BLM was in the wrong on Steens Mountain roads

Published 4:00 am Wednesday, January 30, 2013

Oregon’s public lands offer a wide array of opportunities and resources to Oregonians and the American public. Our shared appreciation of these lands is why generations of Oregonians have worked to care for these landscapes and why many of us choose to call Oregon home. The Bulletin’s Jan. 10 editorial implies that challenges to decisions by federal land management agencies interfere with their good stewardship to the detriment of our public lands. I disagree.

Our federal agencies face real challenges with tight budgets, a wide array of lands uses, severely impacted natural systems and a changing climate. While many areas of the public lands are healthy and well-managed, others suffer from decades of misuse and misdirected management. Public input remains critical to improving public land management, and organizations such as the Oregon Natural Desert Association are critical to ensuring such public input is fully considered.

In a recent situation alluded to by The Bulletin, the Bureau of Land Management elected to approve 133 miles of route maintenance on Steens Mountain. However, the agency did so without the required environmental analysis or public input. In failing to conduct such analysis, it did not consider the impacts of upgrading these routes to wildlife such as greater sage-grouse that have experienced rapidly declining populations over the past several decades, or to users who actually value these areas for their rugged and undeveloped character.

A similar approach led this same agency to illegally build over 30 miles of roads on Steens Mountain in federally protected wilderness and wilderness study areas in 2009. It was ultimately reprimanded by its own state office and is being required to rehabilitate these areas at a significant cost to taxpayers and still-unknown cost to the ecological health of the area. In addition, the BLM had also attempted to “maintain” dozens of miles of roads on Steens Mountain only a few years ago. Thanks to efforts by ONDA volunteers, the roads were found to not even exist on the ground and the BLM was ultimately directed to revise its maintenance plans.
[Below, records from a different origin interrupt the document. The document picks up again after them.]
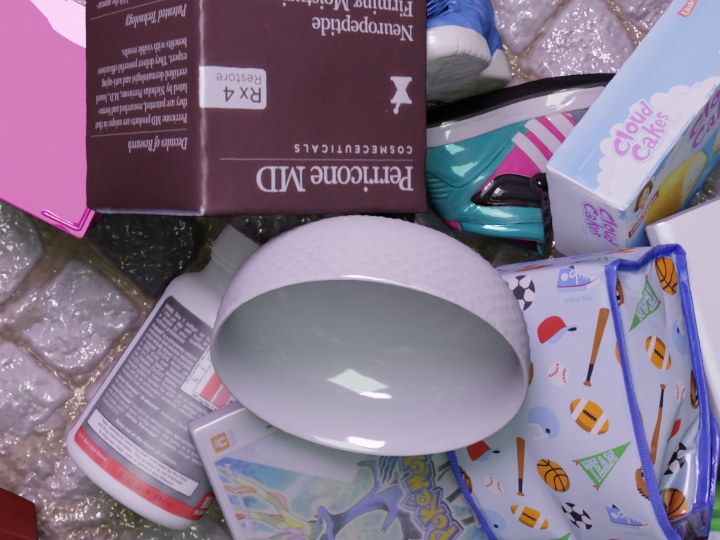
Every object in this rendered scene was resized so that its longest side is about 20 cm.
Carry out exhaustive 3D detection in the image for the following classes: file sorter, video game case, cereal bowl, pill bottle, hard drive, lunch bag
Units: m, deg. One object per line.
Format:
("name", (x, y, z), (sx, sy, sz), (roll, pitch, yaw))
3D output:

Such roads would have dramatically changed the character of a place that Oregonians care deeply about.

The Bulletin editorial characterized ONDA’s objection to the route maintenance as an obstacle to access for livestock management and fire response. This is inaccurate. The routes in question are not the well-groomed or well-traveled gravel roads one might imagine. In fact, these routes are and have always been little-used two-tracks or completely overgrown paths in areas that are prized for their remote and wild character.

Access for livestock management has continued in the area for many years, and the seasonal use by such operators does not require extensive maintenance that could be allowed by the BLM decision. Fire risk is a valid concern on public lands, but improving and maintaining the routes in this situation could actually create more risk than it would solve by potentially increasing the spread of invasive weeds that further worsen the fire risk.
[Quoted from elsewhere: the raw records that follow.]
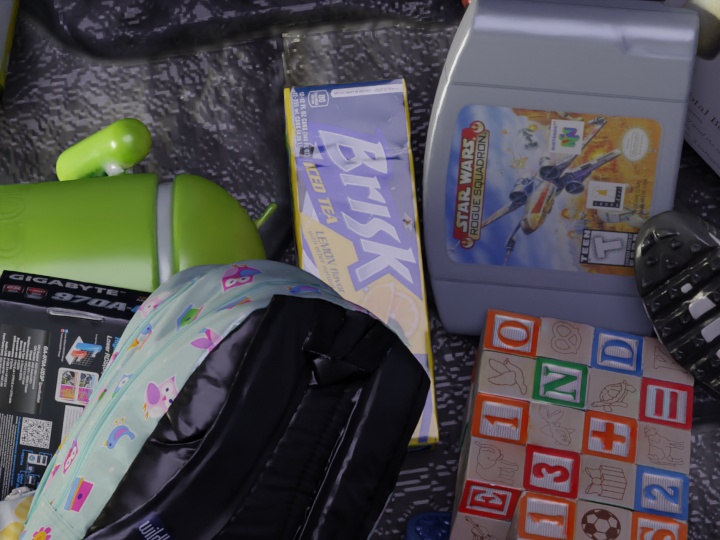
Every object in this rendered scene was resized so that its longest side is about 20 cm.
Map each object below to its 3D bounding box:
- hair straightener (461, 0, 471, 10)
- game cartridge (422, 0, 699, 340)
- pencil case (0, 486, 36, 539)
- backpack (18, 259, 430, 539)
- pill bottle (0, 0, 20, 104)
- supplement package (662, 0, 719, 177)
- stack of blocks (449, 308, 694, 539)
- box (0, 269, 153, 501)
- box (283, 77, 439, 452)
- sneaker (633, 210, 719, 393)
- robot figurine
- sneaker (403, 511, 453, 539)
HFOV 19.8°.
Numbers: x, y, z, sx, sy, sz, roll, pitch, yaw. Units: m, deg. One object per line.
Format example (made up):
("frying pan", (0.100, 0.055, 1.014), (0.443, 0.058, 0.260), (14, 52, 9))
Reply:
("hair straightener", (0.108, -0.113, 1.165), (0.077, 0.041, 0.200), (-20, 77, -9))
("game cartridge", (0.100, -0.049, 1.090), (0.133, 0.042, 0.200), (2, 121, -1))
("pencil case", (-0.236, 0.149, 0.998), (0.200, 0.083, 0.091), (0, 89, 11))
("backpack", (-0.064, 0.092, 0.932), (0.167, 0.127, 0.200), (30, 88, -35))
("pill bottle", (-0.237, -0.183, 1.128), (0.112, 0.112, 0.200), (8, 81, 0))
("supplement package", (0.259, -0.134, 1.069), (0.151, 0.200, 0.152), (-41, 84, -20))
("stack of blocks", (0.107, 0.122, 1.065), (0.115, 0.059, 0.200), (10, 50, -1))
("box", (-0.119, 0.110, 1.045), (0.159, 0.046, 0.200), (9, 108, -3))
("box", (0.000, 0.000, 1.127), (0.070, 0.064, 0.200), (-5, 82, -1))
("sneaker", (0.219, 0.033, 1.105), (0.200, 0.091, 0.066), (43, 123, -14))
("robot figurine", (-0.140, 0.009, 1.097), (0.200, 0.116, 0.176), (-4, 77, -2))
("sneaker", (0.099, 0.206, 1.096), (0.200, 0.070, 0.078), (30, 116, 19))

The BLM and other agencies make thousands of decisions every year that are not legally challenged, so we need to be careful when jumping to the conclusion that a particular legal challenge was unjustified. I’m not suggesting that The Bulletin’s assertion is wrong in all cases, but in the case of Steens Mountain, I can assure you that legal action was balanced by efforts to reach out to agencies to resolve concerns, and clear information was provided to the agency pointing out the flaws in its proposed approach and findings.

When a federal agency chooses to ignore such information and violates its own policies and best available information, the public has the right, and one could argue obligation, to voice its concerns. Doing so improves the management and health of our public lands and is a positive example of democracy and the involvement of the public in the management of its public lands.